Saved entries
=== Section Start ===
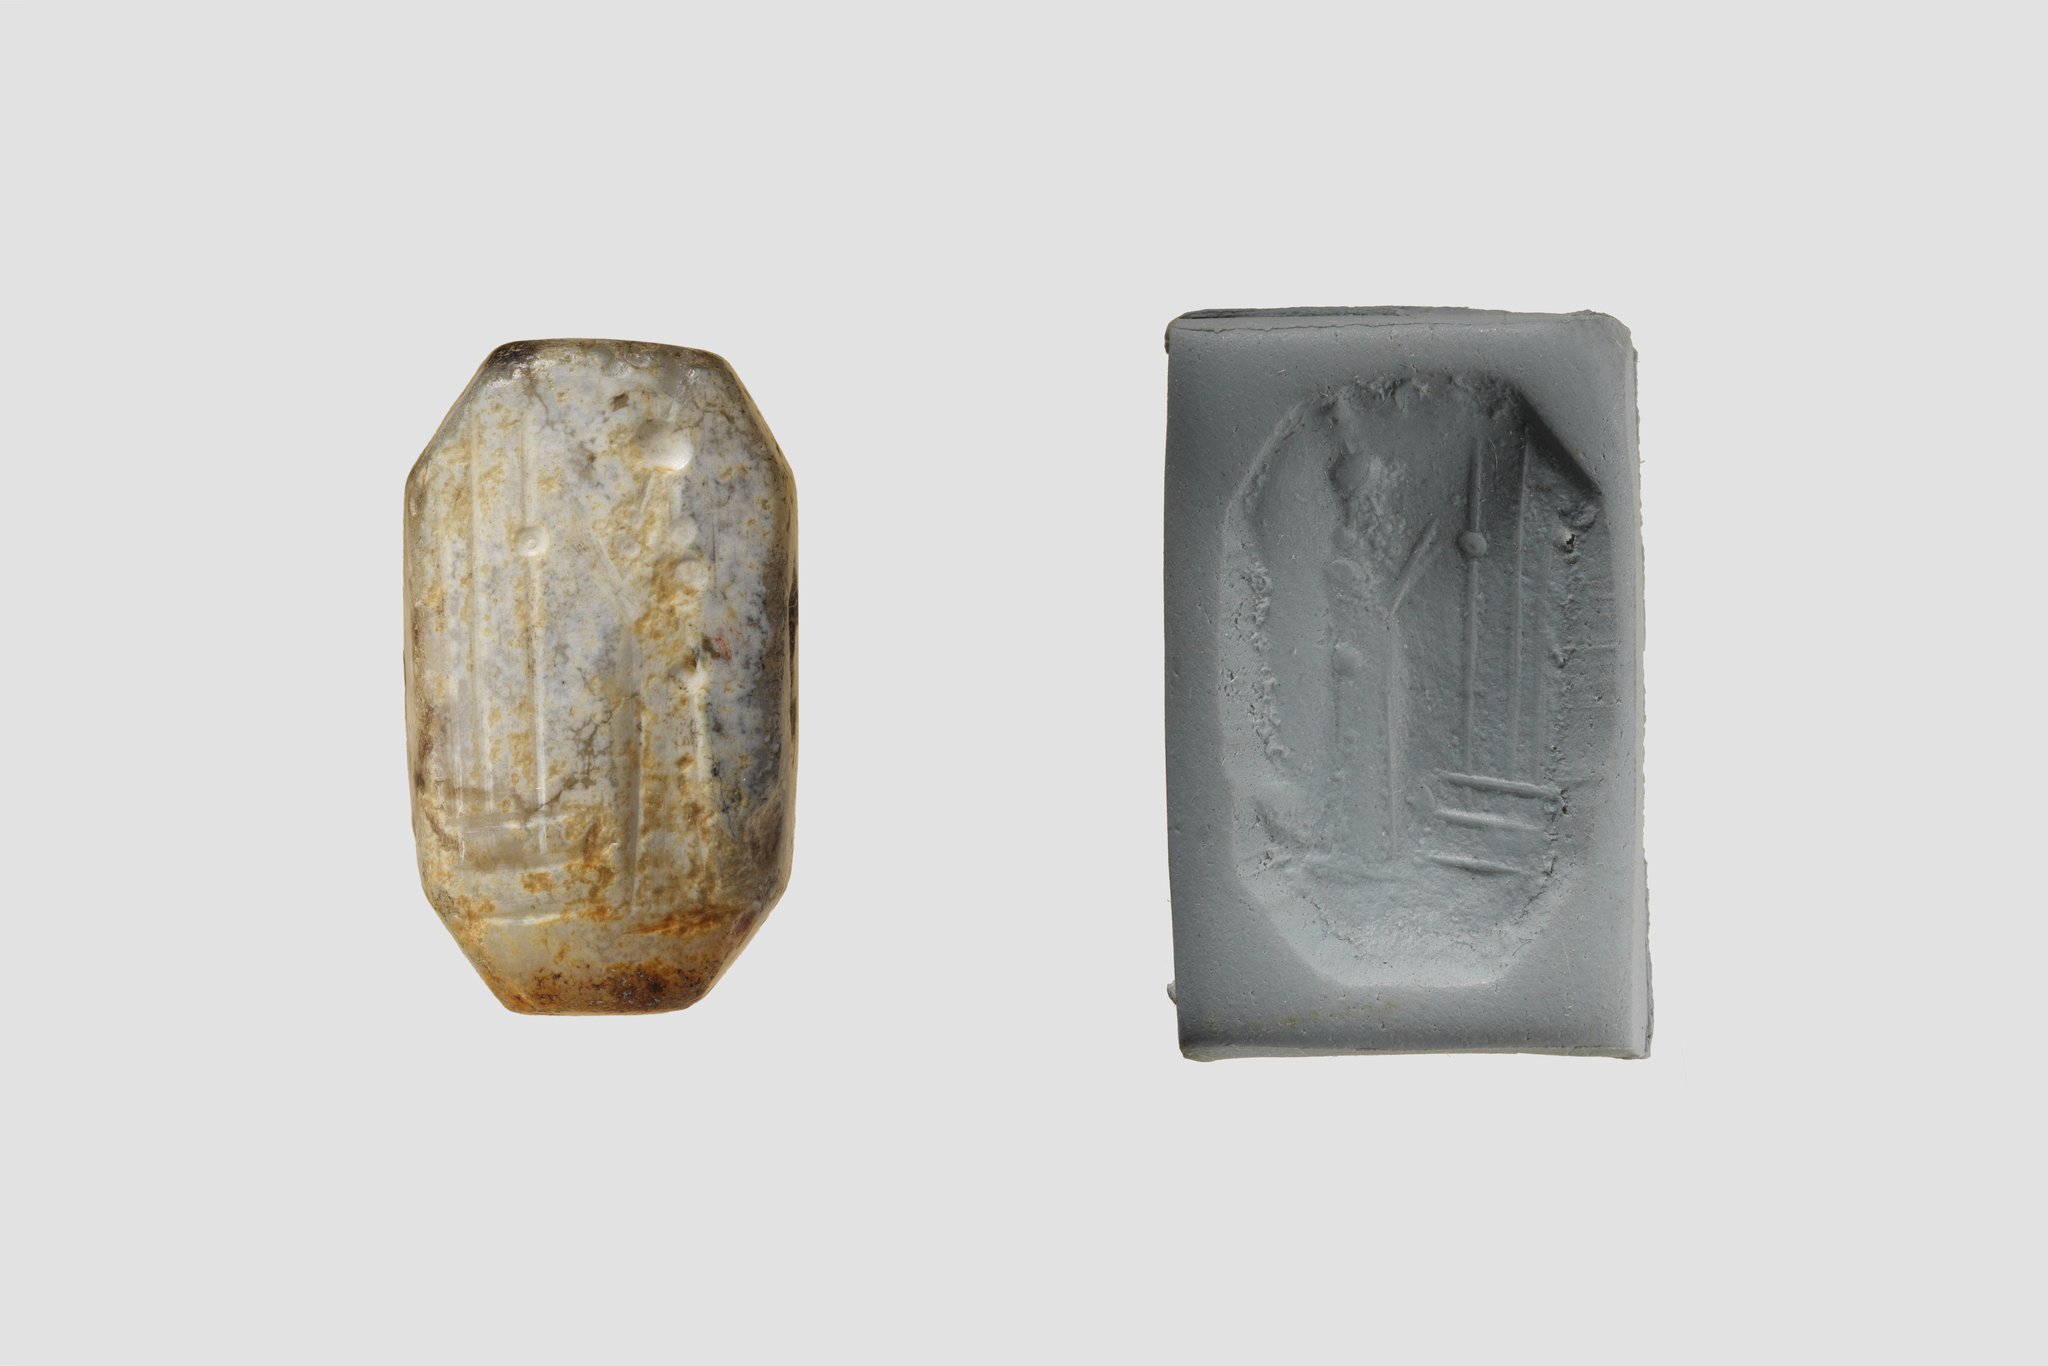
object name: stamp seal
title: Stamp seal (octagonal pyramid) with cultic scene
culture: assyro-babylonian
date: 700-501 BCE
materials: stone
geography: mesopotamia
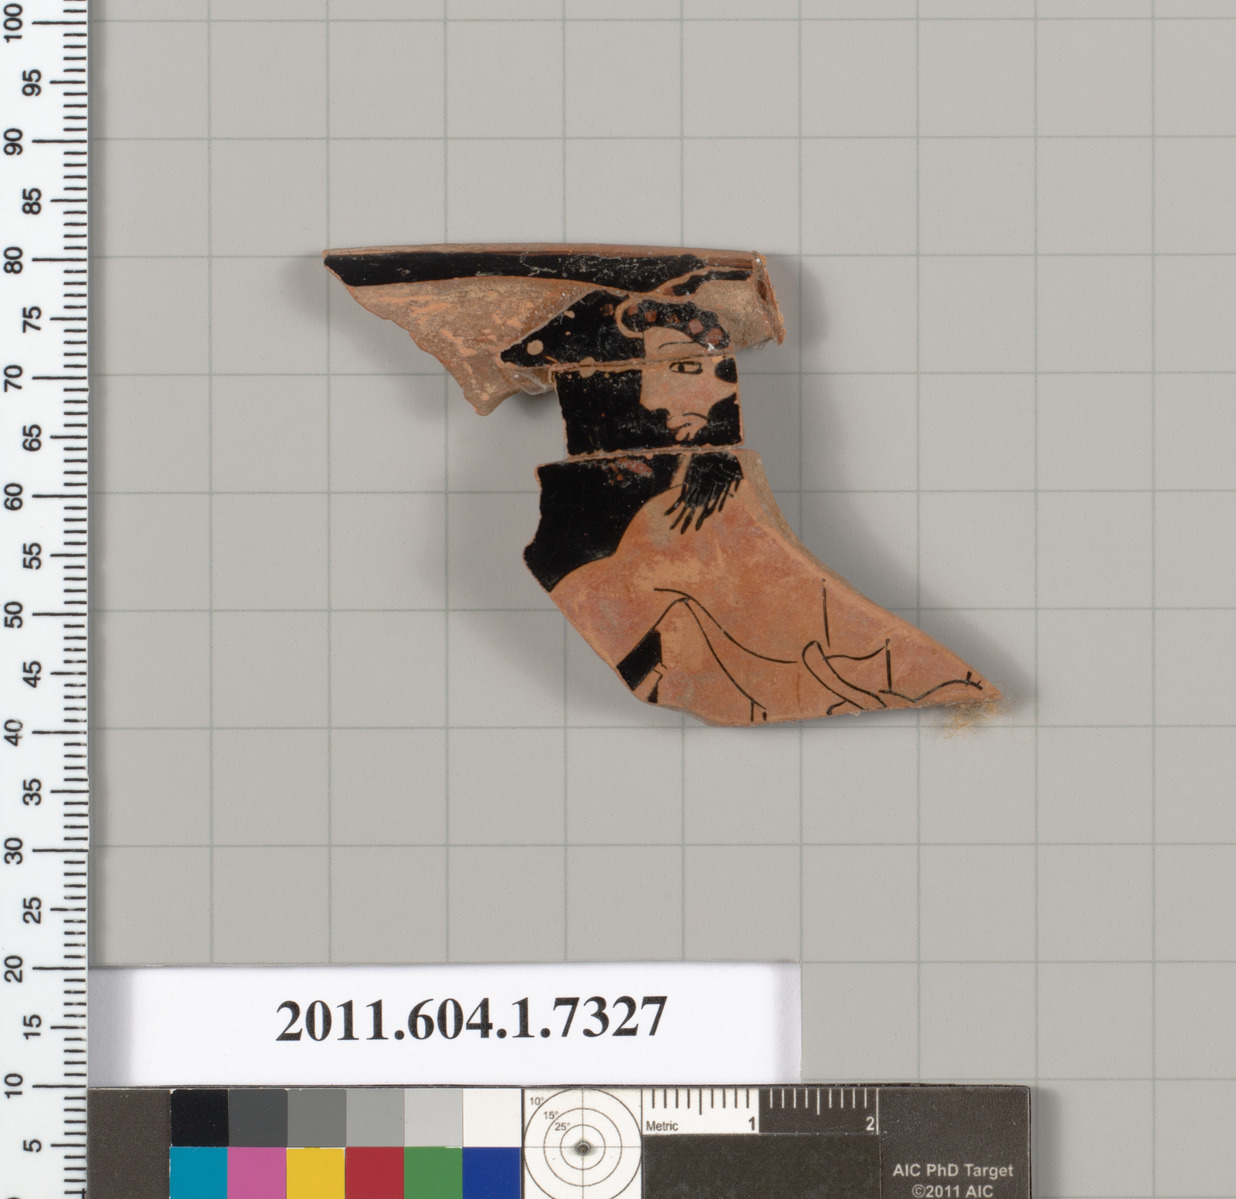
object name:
=== Section End ===
=== Section Start ===
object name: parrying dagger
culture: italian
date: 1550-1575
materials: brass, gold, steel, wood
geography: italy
=== Section End ===
→ **What this task involves**
Given the entries above, count how many lines include the word "object"; respond with the number only.

→ **Exercise response**
3